An auditor’s independence entails the ability from the influence of third parties with an interest in the business by way of being objective and enhancing integrity. In PCAOB, independence falls under rule 3520 which states that “a registered public accounting firm or associated person’s independence obligation with respect to an audit client encompasses not only an obligation to satisfy the independence criteria applicable to the engagement set out in the rules and standards of the PCAOB, but also an obligation to satisfy all other independence criteria applicable to the engagement, including the independence criteria set out in the rules and regulations of the Commission under the federal securities laws” (pcaobus.org). A relationship is likely to violate an auditor’s independence rules and guidelines when the relationship starts to influence the important decisions being made by the auditor. A good example is when an auditor fails to pursue suspicious transactions since they fear of the negative consequences that might accrue to their “friends”.
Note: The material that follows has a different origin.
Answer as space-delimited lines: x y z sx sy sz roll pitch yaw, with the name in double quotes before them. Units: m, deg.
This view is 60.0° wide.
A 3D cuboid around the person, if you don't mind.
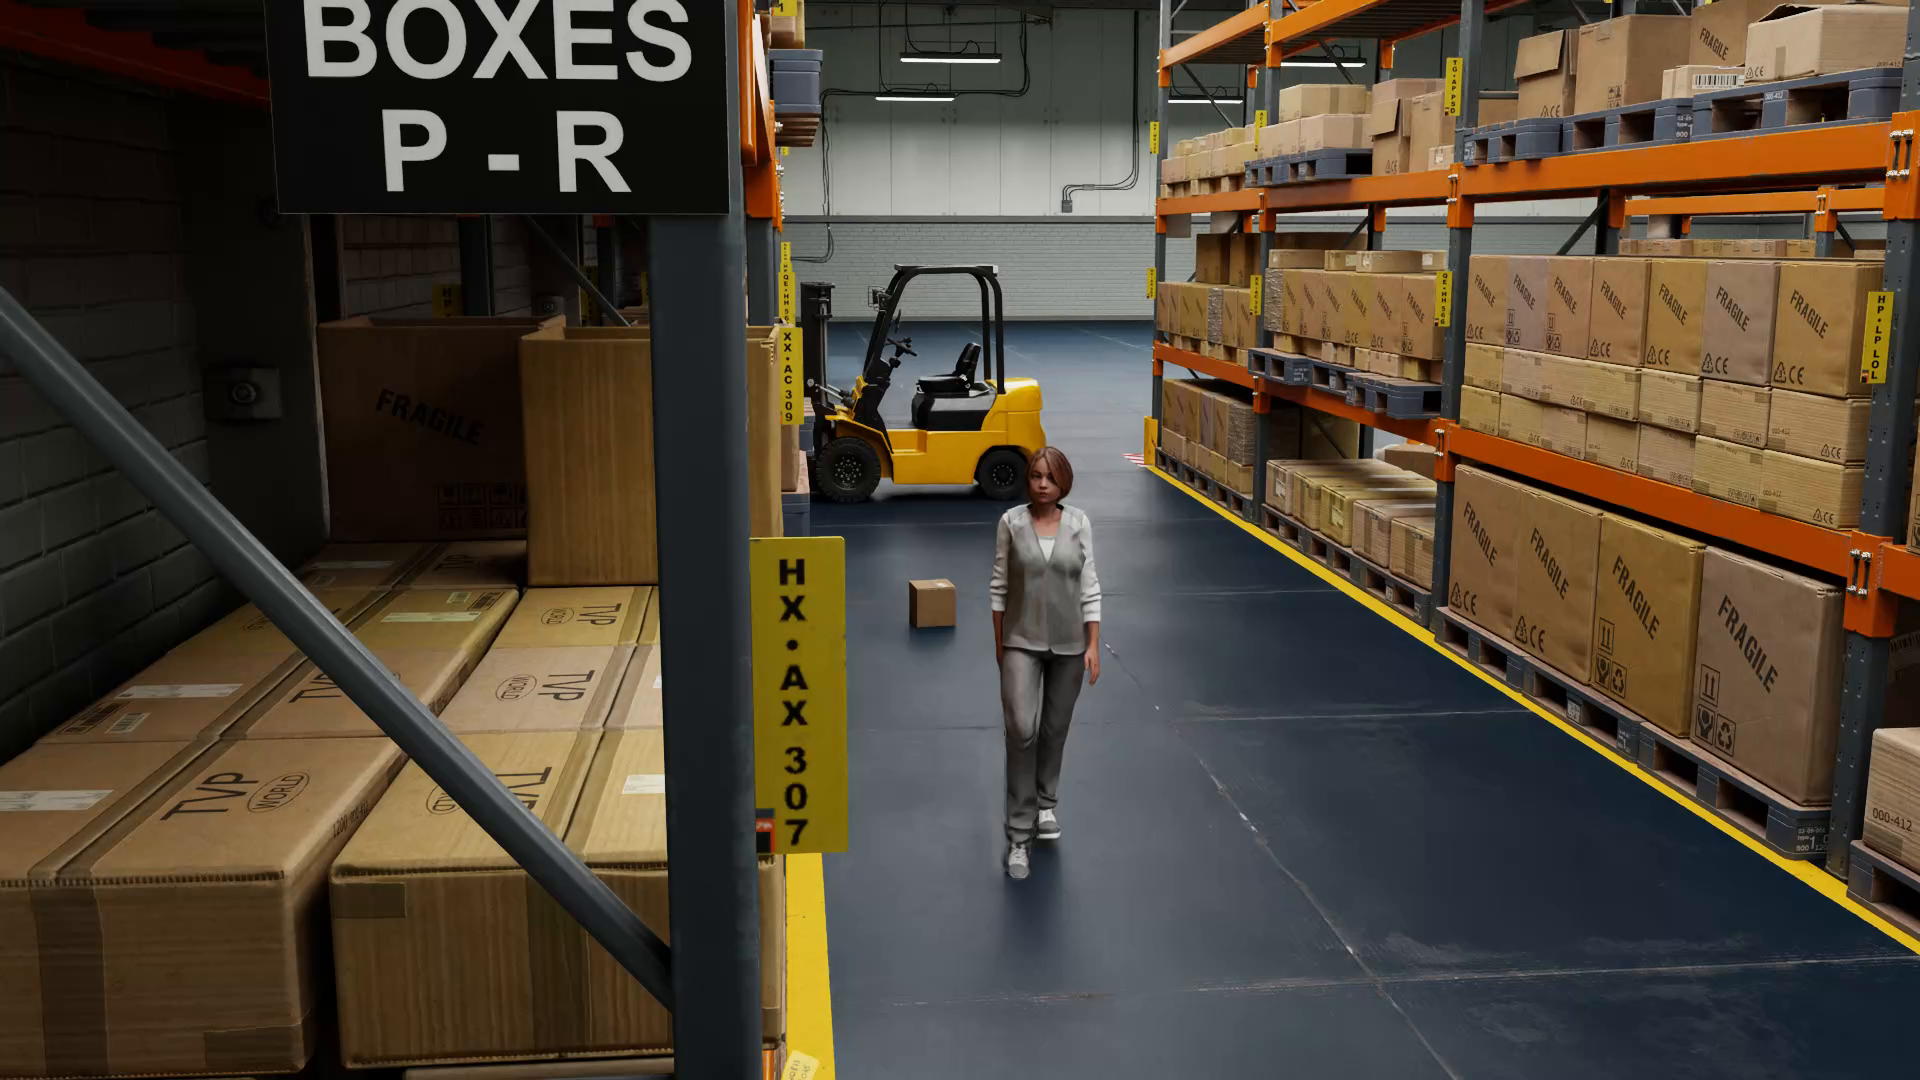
"person" 0.335 0.460 6.443 0.414 1.648 0.576 -1 10 -6

Yes, this situation would have presented an independence “problem” for BDO Seidman. AICPA’s code provides some pointers regarding independence and impeding employment by a given client in which the audit is being performed. The code asserts that independence will be impaired if an individual in a position to influence an audit engagement or a member of an engagement team intends to discuss potential employment with a client. An exemption occurs if the person reports such considerations promptly to an appropriate individual in the firm or removes herself/himself from the engagement until a point where the employment is no longer required, or the offer is rejected.
Inventory rollback is usually performed when a firm is retained to perform audit in a company following the year’s end physical inventory. The result yielded by this audit procedure is valid. This is because an auditor uses rollback to verify the cost of sale and purchases records. Through the procedure, it is possible to detect discrepancies between the value of the inventory recorded in the company’s books and the value obtained after the application of the rollback.
GAAS asserts that reporting accountants ought to ascertain that there were objective situations and conditions that prompted them to resort to the usage of alternative auditing procedures to ascertain inventory. Jill Karnick should have continued to complete an inventory roll forward. This is based on the fact that she had identified several red flags that would have prompted her to continue with the procedure. The red flags that had been noticed had the ability to have material effect on the records. Cost considerations are a valid factor for auditors to make a decision on an audit procedure, but should not be the only factor of consideration. It is important for an auditor to determine the relationship between cost involved in obtaining information and usefulness of the obtained information. The matter of expense or difficulty should not be the basis of omitting an audit procedure when there is no an appropriate alternative.
Working papers showcase the procedures applied by auditors, the information obtained, tests performed and the conclusions reached. PCAOB asserts that the auditor ought to maintain the working papers whose content should aim at meeting the circumstances of a given engagement. In this case, yes, the inconclusive audit tests should be included. There is a reason why the tests were initiated, and there is also a reason why they were not concluded. This ought to be mentioned so that it does not appear as if there is something fishy going on. Including the inconclusive tests in the work papers helps to bring more insight.
“Red flags” involve suspicious transactions that are found in financial statements. The red flags involved in this case included premature press release regarding earnings, allowance of doubtful accounts and anonymous letter received regarding HMI. The red flags should have impacted the need for extensive research while conducting the audit. The financial statements should not have been signed after the anonymous letter was received.